The first, and most insidious, lies in the illusion of the controlled environment. A system can behave perfectly in the calm of a laboratory and collapse on contact with reality. McDonald’s paid dearly for this: months of conclusive tests, then failure once the machine had to deal with the disorder of an actual drive-thru. Designing AI is not about building a device that works under ideal conditions, but creating one that withstands ordinary chaos. The nuance may seem slight; it makes all the difference.

Next comes the temptation of full automation. Intoxicated by efficiency, some companies remove humans from the loop and create autonomous systems without a safety valve. We saw this in McDonald’s orders spiraling out of control without any safeguard to stop them. This obsession with total automation has a fatal flaw: it removes the capacity for real-time correction, that distinctly human ability to sense that something is going wrong and take control again.

There is also the amplified reproduction of past biases. An algorithm does not merely reflect existing discrimination, it freezes it into a rule and applies it on an industrial scale. iTutorGroup offers the clearest illustration: a discriminatory preference that might have remained the behavior of individuals becomes a systematic policy applied flawlessly to hundreds of files.

Finally, the absence of a clear chain of responsibility poisons the governance of most organizations. In large structures, no one truly assumes the final algorithmic decision. This ambiguity creates a void that some companies even try to exploit, as Air Canada did when it attempted to assign blame to its own chatbot. As long as no executive agrees to personally answer for the choices made by their machines, abuses remain inevitable.

These four shortcomings are not independent. They feed one another: the illusion of control encourages total automation, which conceals inherited biases, which then prosper in the fog of responsibility. This mechanism cannot be broken by correcting a single link in the chain. It must be addressed as a whole, otherwise the problem is merely displaced.

Three powers, three ways of holding the reins

A broad-brush summary of the American, European and Chinese approaches would look roughly like this: the United States moves fast and repairs afterward, Europe thinks so much that it risks missing the train, China innovates within a framework firmly held by political power.

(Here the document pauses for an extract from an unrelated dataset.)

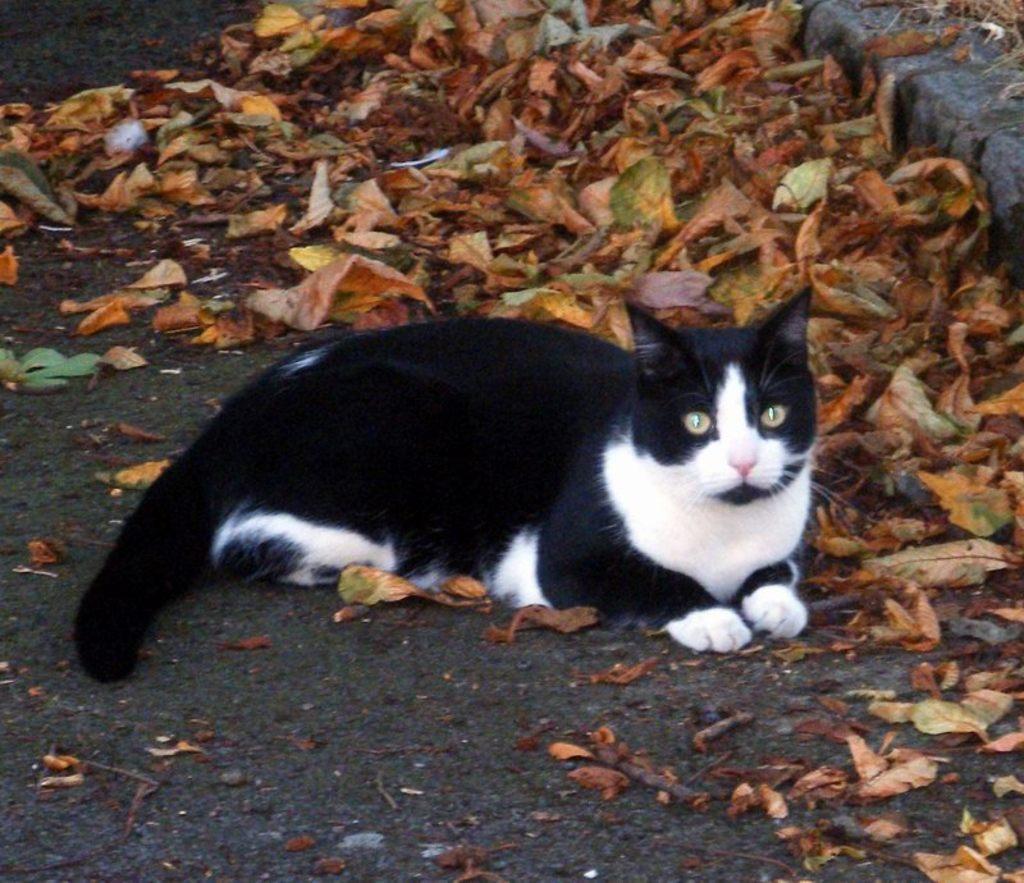Please provide a concise description of this image. In this picture, there is a cat sitting on the ground. It is in black and white in color. On the top, there are dried leaves.

The caricature has its limits, but it points to philosophies that, deep down, do not converge.

On the American side, the doctrine remains one of the primacy of innovation and trust in the market to eliminate irresponsible actors by itself. This orientation has recently intensified: the executive order on artificial intelligence issued under the Biden administration in 2023 was revoked in early 2025 by the Trump administration, which dismantled part of the inherited regulatory structure in the name of competitiveness [11]. The advantage is real: a sustained pace of innovation that attracts talent and capital. The downside is just as real: damage is discovered once it is already there, when it is often too late to repair it without breakage.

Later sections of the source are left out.